When last we left the Water Cooling War, I was battling unreliability of my 800Mhz FSB machines. All along I thought it was the RAM overheating, although I was thinking the heat spreaders I added would do the trick. For one of the systems (the one from my last blog entry on water cooling) has been pretty darn stable. But the other machine (the triple screen beastie) was still getting BSODs every few days.
The interesting thing about these failures is that the hard drives would disappear afterward. It actually has two Samsung 160GB SATA drives in it, which I had planned to use as mirrored drives with the onboard RAID 1 Promise controller. After all, this is my main development machine, its worth while making sure the data doesn't go anywhere. But one of the drives had disappeared, I figured it had failed, so I was running the other drive solo.
And with the BSODs, both hard drives would be gone. I'd wait a half hour or so (I do have other machines to work from after all) and the drive would come back. I knew I'd have to replace the hard drives eventually, they have a three year warranty, but extricating water cooled hard drives isn't a lot of fun.
Well, it all came to a head last night when the drive just wouldn't come back. So I hauled the machine out and ripped both hard drives out... very carefully, so that I wouldn't cause any leaks.

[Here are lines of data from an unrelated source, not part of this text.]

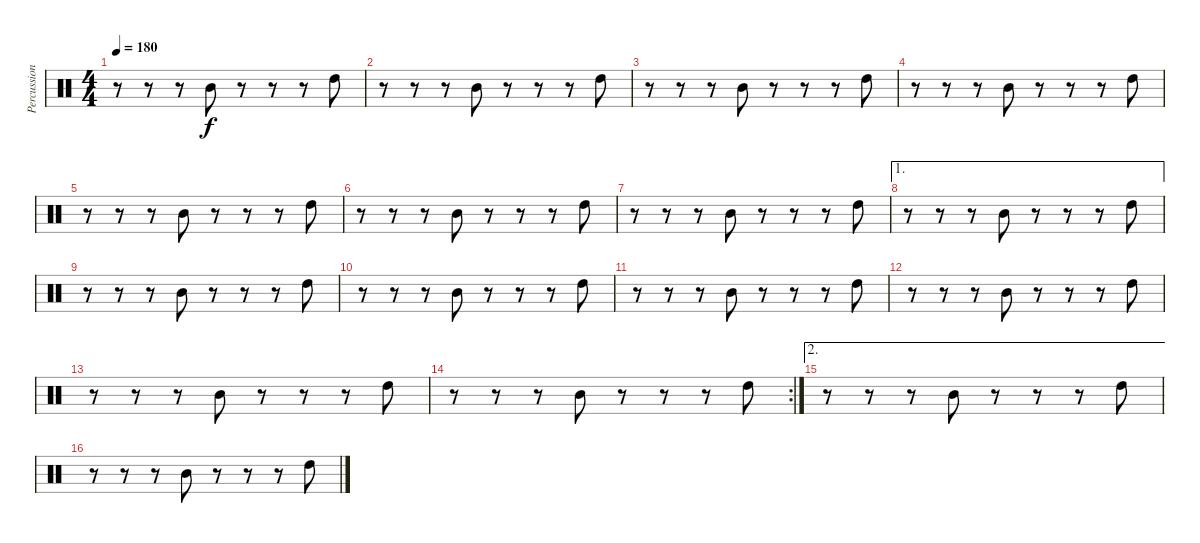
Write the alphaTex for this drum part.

\track ("Percussions" "Percussion") {instrument percussion}
\staff {score}
\articulation defaults
\ts (4 4)
\tempo 180
\clef neutral
\ks c
r.8{dy f} r.8 r.8 "Mid Tom (hit)".8 r.8 r.8 r.8 "High Tom (hit)".8 |
r.8 r.8 r.8 "Mid Tom (hit)".8 r.8 r.8 r.8 "High Tom (hit)".8 |
r.8 r.8 r.8 "Mid Tom (hit)".8 r.8 r.8 r.8 "High Tom (hit)".8 |
r.8 r.8 r.8 "Mid Tom (hit)".8 r.8 r.8 r.8 "High Tom (hit)".8 |
r.8 r.8 r.8 "Mid Tom (hit)".8 r.8 r.8 r.8 "High Tom (hit)".8 |
r.8 r.8 r.8 "Mid Tom (hit)".8 r.8 r.8 r.8 "High Tom (hit)".8 |
r.8 r.8 r.8 "Mid Tom (hit)".8 r.8 r.8 r.8 "High Tom (hit)".8 |
\ae 1
r.8 r.8 r.8 "Mid Tom (hit)".8 r.8 r.8 r.8 "High Tom (hit)".8 |
r.8 r.8 r.8 "Mid Tom (hit)".8 r.8 r.8 r.8 "High Tom (hit)".8 |
r.8 r.8 r.8 "Mid Tom (hit)".8 r.8 r.8 r.8 "High Tom (hit)".8 |
r.8 r.8 r.8 "Mid Tom (hit)".8 r.8 r.8 r.8 "High Tom (hit)".8 |
r.8 r.8 r.8 "Mid Tom (hit)".8 r.8 r.8 r.8 "High Tom (hit)".8 |
r.8 r.8 r.8 "Mid Tom (hit)".8 r.8 r.8 r.8 "High Tom (hit)".8 |
\rc 2
r.8 r.8 r.8 "Mid Tom (hit)".8 r.8 r.8 r.8 "High Tom (hit)".8 |
\ae 2
r.8 r.8 r.8 "Mid Tom (hit)".8 r.8 r.8 r.8 "High Tom (hit)".8 |
r.8 r.8 r.8 "Mid Tom (hit)".8 r.8 r.8 r.8 "High Tom (hit)".8

As you can see in the photo, the hard drives have blocks on either side, connected by a plastic tube. This plastic tube is just press fit into place to handle the variations in width between hard drives, pull too hard and it would pop off and water will go everywhere.
I replaced both drives with identical models, put the whole thing back together and viola, two hard drives, mirrored and happy. I fired up Acronis to restore the image backup I have of my workstation (the easiest way to recover a system - you DO have a backup strategy, doncha?) and left the machine whirring away til morning.
When I returned in the morning, the machine had failed, both hard drives disappeared. Guess it wasn't the drives failing after all.
So, what could it be? The onboard controller? These ASUS P4C800-E motherboards have TWO different SATA controllers on them, could they both be bad? I think not. So what would knock out both drives?
Gosh, lookie there... the SATA power adapter plugs a 4-pin molex connector and provides connectors for BOTH SATA drives. Could there be a connection problem?
I replaced the adapter with a new one, and fired the system up - both drives recognized, no problem. I have to guess that once the system heated up, the connectors got loose and deprived the drives of power. This, naturally, would cause Windows to BSOD... and then there'd be no drives left.
So in a way, overheating is still the culprit, but I suspect that water cooling is not responsible for this. Of course, I won't know for sure til its been running for a few months.